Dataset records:
↓↓↓

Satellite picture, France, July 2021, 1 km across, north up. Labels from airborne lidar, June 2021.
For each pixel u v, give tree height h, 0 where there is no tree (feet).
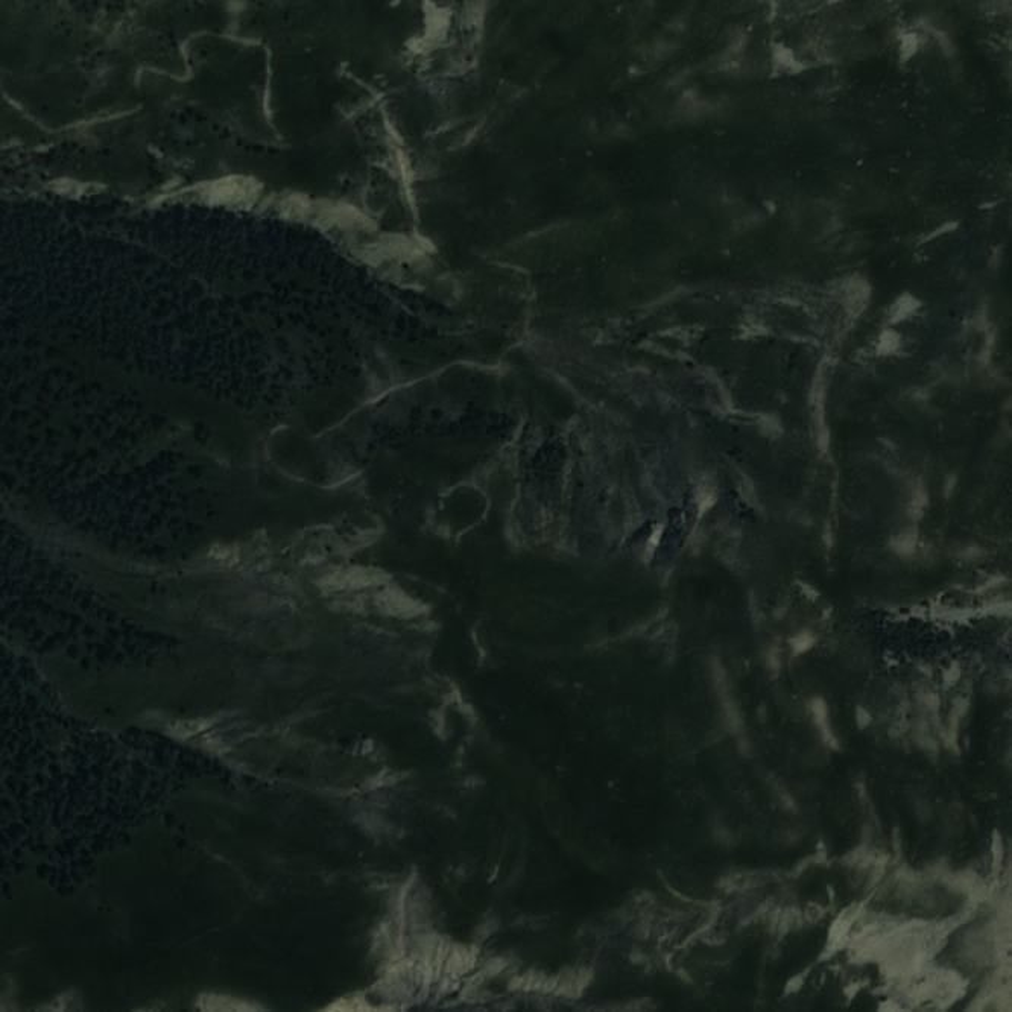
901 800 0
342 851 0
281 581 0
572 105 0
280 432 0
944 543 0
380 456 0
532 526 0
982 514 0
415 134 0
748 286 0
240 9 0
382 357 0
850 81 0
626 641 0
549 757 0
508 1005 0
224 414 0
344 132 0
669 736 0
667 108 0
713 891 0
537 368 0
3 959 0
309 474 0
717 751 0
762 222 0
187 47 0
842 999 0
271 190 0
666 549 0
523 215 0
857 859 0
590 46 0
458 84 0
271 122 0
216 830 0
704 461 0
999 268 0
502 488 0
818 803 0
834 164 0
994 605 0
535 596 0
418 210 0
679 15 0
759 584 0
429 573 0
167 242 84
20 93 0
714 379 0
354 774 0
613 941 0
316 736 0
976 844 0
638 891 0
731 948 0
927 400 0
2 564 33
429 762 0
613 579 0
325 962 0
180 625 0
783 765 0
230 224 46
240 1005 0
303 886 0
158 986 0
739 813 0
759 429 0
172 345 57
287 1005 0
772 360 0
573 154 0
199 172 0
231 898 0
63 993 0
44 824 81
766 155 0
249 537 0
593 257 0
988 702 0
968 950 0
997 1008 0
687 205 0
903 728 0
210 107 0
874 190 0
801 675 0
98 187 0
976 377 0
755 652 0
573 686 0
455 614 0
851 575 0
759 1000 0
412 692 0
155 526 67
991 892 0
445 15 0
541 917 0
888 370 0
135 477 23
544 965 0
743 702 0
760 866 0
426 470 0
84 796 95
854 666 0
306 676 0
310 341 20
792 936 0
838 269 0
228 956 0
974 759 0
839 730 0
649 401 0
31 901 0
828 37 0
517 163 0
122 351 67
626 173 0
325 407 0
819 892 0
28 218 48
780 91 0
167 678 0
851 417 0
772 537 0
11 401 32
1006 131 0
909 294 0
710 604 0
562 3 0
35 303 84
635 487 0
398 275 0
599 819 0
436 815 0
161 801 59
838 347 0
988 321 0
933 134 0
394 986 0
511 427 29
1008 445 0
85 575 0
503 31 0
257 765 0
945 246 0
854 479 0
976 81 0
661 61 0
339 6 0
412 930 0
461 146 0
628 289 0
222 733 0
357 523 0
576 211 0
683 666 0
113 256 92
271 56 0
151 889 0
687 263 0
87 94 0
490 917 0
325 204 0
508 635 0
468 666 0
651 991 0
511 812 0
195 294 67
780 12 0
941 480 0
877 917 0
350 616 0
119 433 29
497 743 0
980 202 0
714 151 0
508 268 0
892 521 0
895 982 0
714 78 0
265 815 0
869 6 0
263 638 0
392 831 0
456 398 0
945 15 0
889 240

↑↑↑

• [THE PROBLEM] Return all the data exactly, and keep the pictures out.

• [EXPECTED ANSWER]
Satellite picture, France, July 2021, 1 km across, north up. Labels from airborne lidar, June 2021.
For each pixel u v, give tree height h, 0 where there is no tree (feet).
901 800 0
342 851 0
281 581 0
572 105 0
280 432 0
944 543 0
380 456 0
532 526 0
982 514 0
415 134 0
748 286 0
240 9 0
382 357 0
850 81 0
626 641 0
549 757 0
508 1005 0
224 414 0
344 132 0
669 736 0
667 108 0
713 891 0
537 368 0
3 959 0
309 474 0
717 751 0
762 222 0
187 47 0
842 999 0
271 190 0
666 549 0
523 215 0
857 859 0
590 46 0
458 84 0
271 122 0
216 830 0
704 461 0
999 268 0
502 488 0
818 803 0
834 164 0
994 605 0
535 596 0
418 210 0
679 15 0
759 584 0
429 573 0
167 242 84
20 93 0
714 379 0
354 774 0
613 941 0
316 736 0
976 844 0
638 891 0
731 948 0
927 400 0
2 564 33
429 762 0
613 579 0
325 962 0
180 625 0
783 765 0
230 224 46
240 1005 0
303 886 0
158 986 0
739 813 0
759 429 0
172 345 57
287 1005 0
772 360 0
573 154 0
199 172 0
231 898 0
63 993 0
44 824 81
766 155 0
249 537 0
593 257 0
988 702 0
968 950 0
997 1008 0
687 205 0
903 728 0
210 107 0
874 190 0
801 675 0
98 187 0
976 377 0
755 652 0
573 686 0
455 614 0
851 575 0
759 1000 0
412 692 0
155 526 67
991 892 0
445 15 0
541 917 0
888 370 0
135 477 23
544 965 0
743 702 0
760 866 0
426 470 0
84 796 95
854 666 0
306 676 0
310 341 20
792 936 0
838 269 0
228 956 0
974 759 0
839 730 0
649 401 0
31 901 0
828 37 0
517 163 0
122 351 67
626 173 0
325 407 0
819 892 0
28 218 48
780 91 0
167 678 0
851 417 0
772 537 0
11 401 32
1006 131 0
909 294 0
710 604 0
562 3 0
35 303 84
635 487 0
398 275 0
599 819 0
436 815 0
161 801 59
838 347 0
988 321 0
933 134 0
394 986 0
511 427 29
1008 445 0
85 575 0
503 31 0
257 765 0
945 246 0
854 479 0
976 81 0
661 61 0
339 6 0
412 930 0
461 146 0
628 289 0
222 733 0
357 523 0
576 211 0
683 666 0
113 256 92
271 56 0
151 889 0
687 263 0
87 94 0
490 917 0
325 204 0
508 635 0
468 666 0
651 991 0
511 812 0
195 294 67
780 12 0
941 480 0
877 917 0
350 616 0
119 433 29
497 743 0
980 202 0
714 151 0
508 268 0
892 521 0
895 982 0
714 78 0
265 815 0
869 6 0
263 638 0
392 831 0
456 398 0
945 15 0
889 240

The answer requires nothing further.